Geplante Route des MAREA-Kabels
Geplante Route des MAREA-Kabels (Bild: Microsoft)

Kompatibilität zu unterschiedlicher Netzwerkausrüstung

Als einen weiteren Vorteil von Marea heben Facebook und Microsoft das „offene“ Design mit Kompatibilität zu Netzwerkhardware verschiedener Hersteller hervor. Für die Kunden sollen dadurch geringere Kosten sowie einfachere Hardware-Upgrades resultieren, sodass die maximal möglichen Übertragungsraten des Kabels mit der Entwicklung optischer Technologien Schritt halten kann.

Der Baubeginn der neuen Tiefsee-Datenleitung soll im August dieses Jahres erfolgen, die Fertigstellung von Marea ist für Oktober 2017 vorgesehen.

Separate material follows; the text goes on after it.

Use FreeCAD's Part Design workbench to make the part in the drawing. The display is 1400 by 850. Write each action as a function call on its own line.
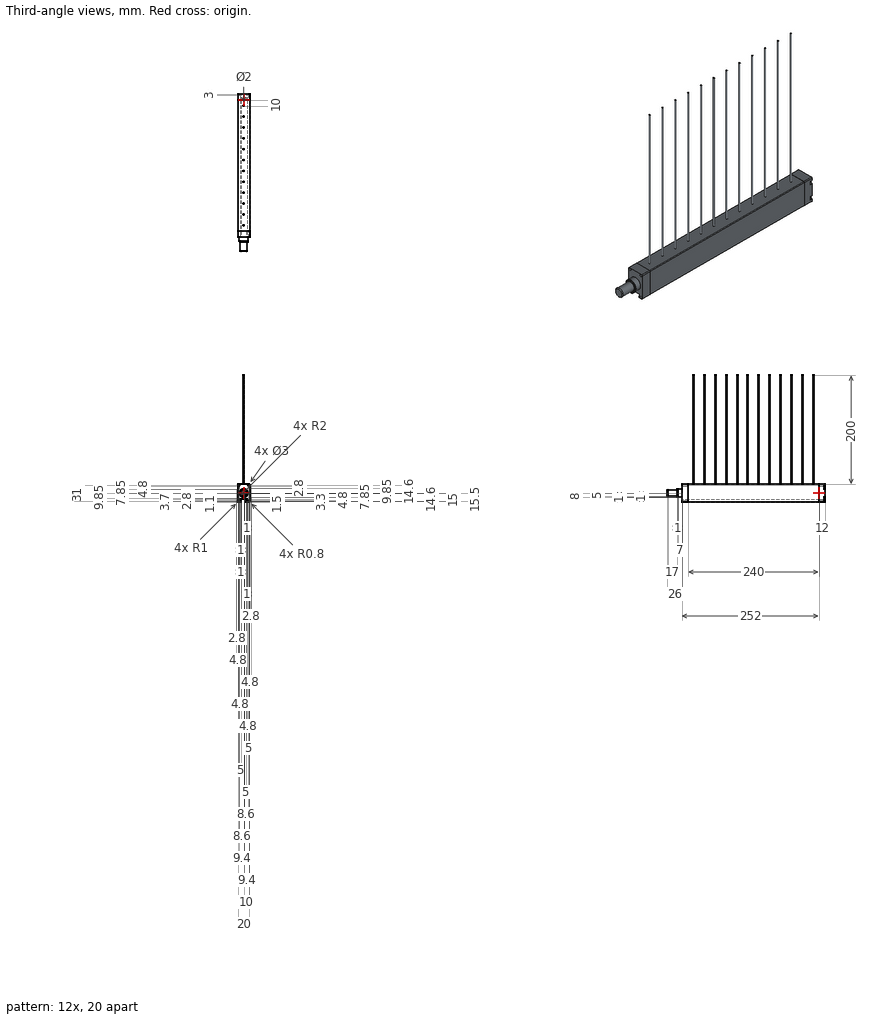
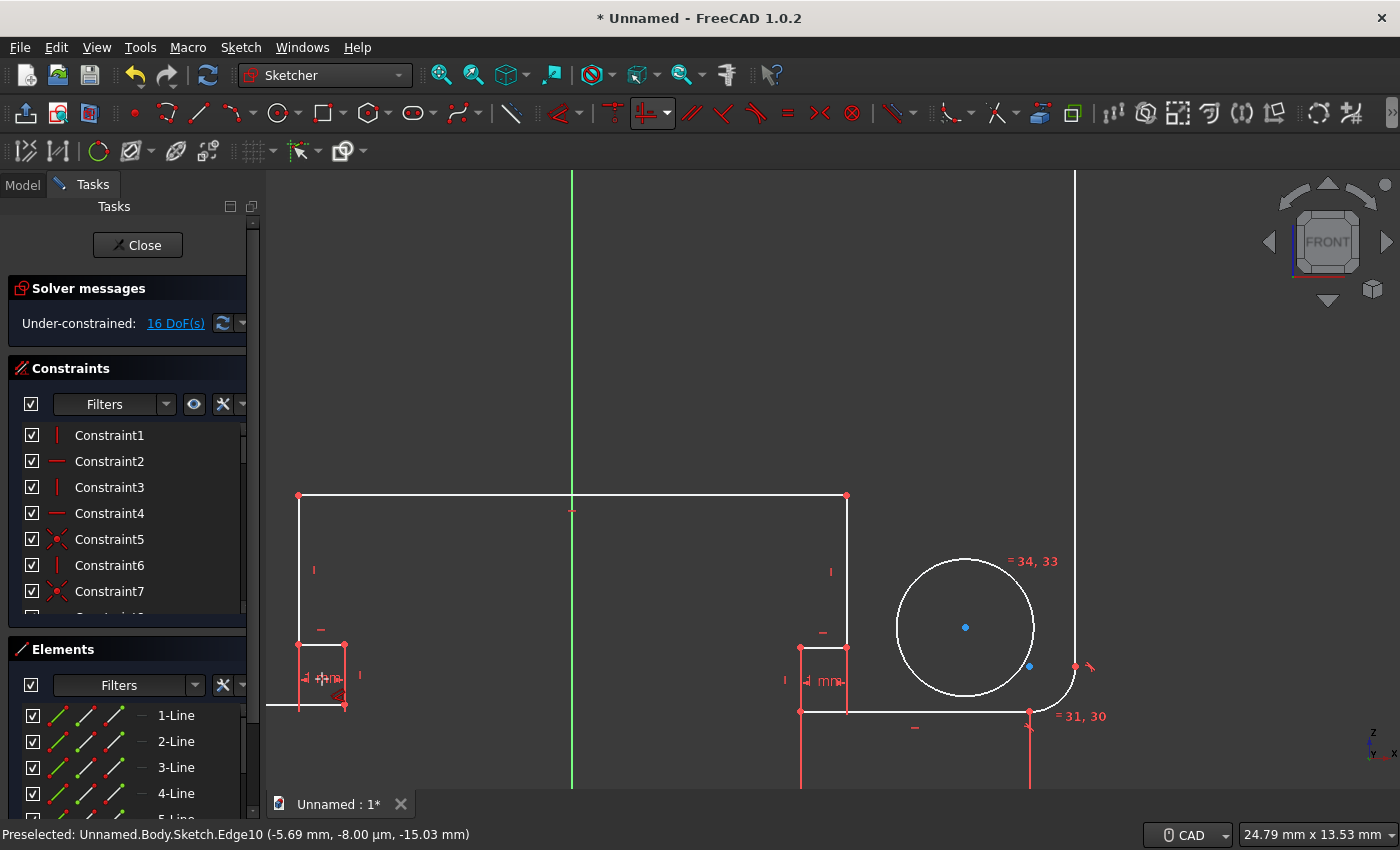
scroll(827, 651, down, 7)

Etwa um die Zeit ist auch die Inbetriebnahme des neuen Netzwerks des NCP Consortiums (New Cross Pacific) vorgesehen, das die USA über den Pazifik mit China, Japan, Südkorea und Taiwan verbindet und für das Microsoft in Hilsboro, Oregon erstmals einen eigenen Landanschluss für Seekabel in Betrieb nimmt.